Note: I actually mostly wrote this a couple of months ago, before getting derailed by…life, I guess. So, some of the links are a little dated, but looking back over it I decided I was sufficiently satisfied with it to finish it up and post it anyway.
I’m doing a lot of reading lately, mostly for research, and a lot of it is fairly dense and often pretty depressing as well (for instance, accounts of the treatment of Native American children in federal boarding schools). Though it’s not “light” reading, exactly, Teju Cole’s new book of photographs, Blind Spot, has been a kind of respite for me over the last couple of weeks. The photos are paired with texts that Cole has called “voiceovers”; these sometimes comment on the content of the photo, sometimes on the place in or occasion on which it was taken, and sometimes reflect more generally or ideas or concerns inspired by the image, or reflected in it. They have to do with art, with politics, with human relationships of many kinds, and most of all with photography itself, and the act of looking at something or someone and creating a durable image out of what one sees.

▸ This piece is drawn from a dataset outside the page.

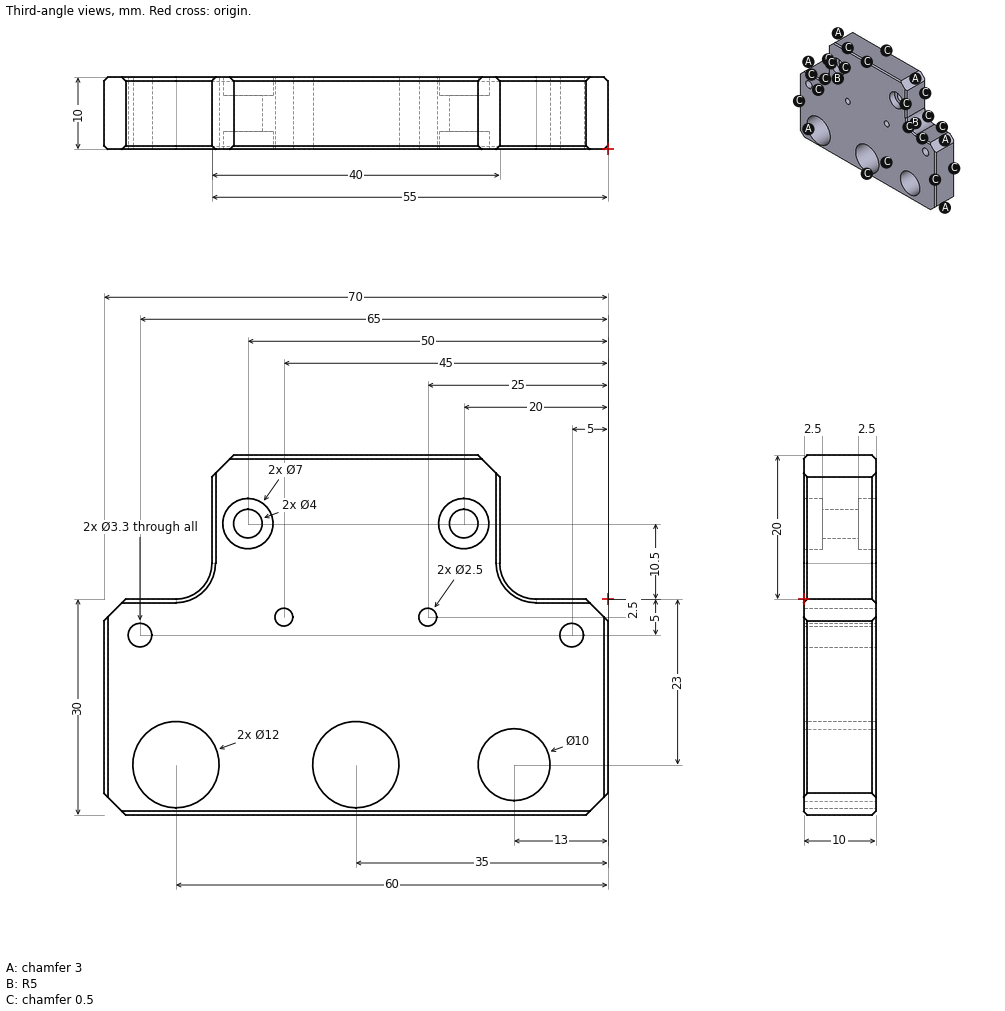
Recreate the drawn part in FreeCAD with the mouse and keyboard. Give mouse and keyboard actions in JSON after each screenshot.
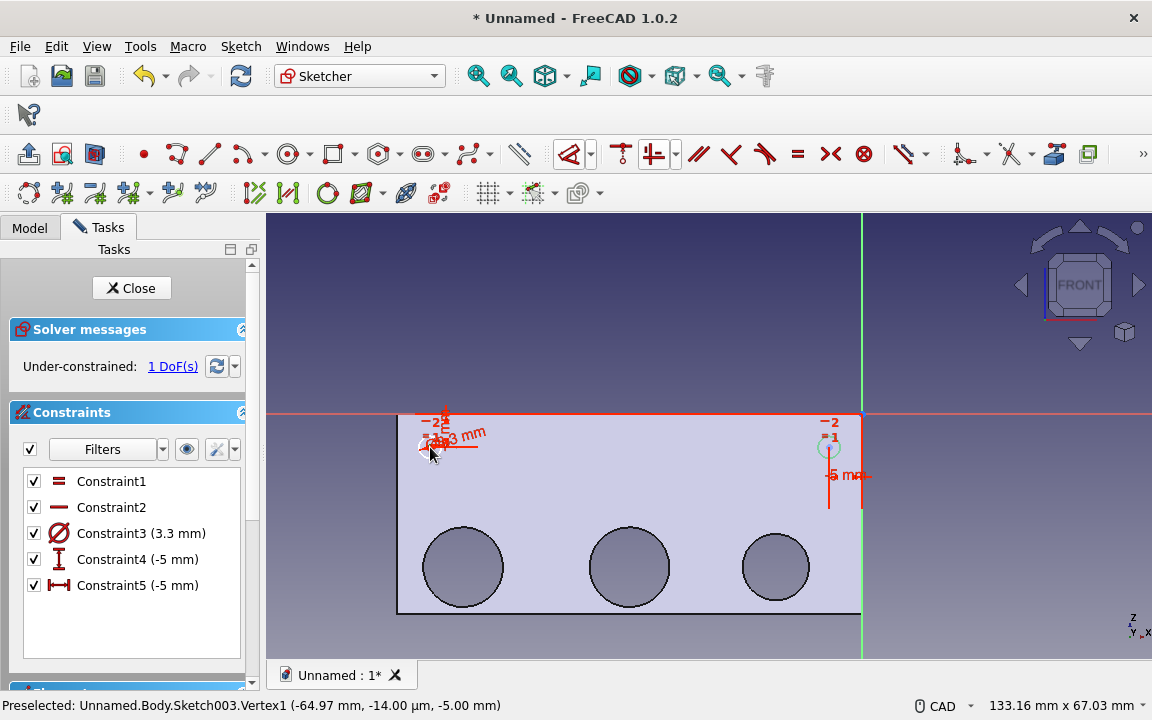
{"action": "left_click", "coordinate": [590, 154]}

Cole is deeply concerned with representation: what can stand for something else, and how? A photograph is almost always seen to “stand for” something, even more than painting, because it is by definition a reproduction of something out in the world. To make a photo, somebody pointed a camera at something that existed, at least for a moment, and the camera creates an impression of that moment on some sort of sensitive medium. Of course, this isn’t as straightforward as it might seem, and digital technology, which creates so many more possibilities for altering images, makes it even less so. But still, photography is understood in terms of the correspondence between image and reality; a great photograph is often said to “capture” something.
At the same time, making a photograph also involves selection. Seeing is always selective, or partial; for every act of seeing, there is something that remains unseen— in fact, nearly everything, necessarily. As Cole says in this interview, one of his concerns is
…the fact that the act of looking is limited. We only see a small part of what we are looking at, so there is a constant blind spot even with the kind of attentive looking that photography entails.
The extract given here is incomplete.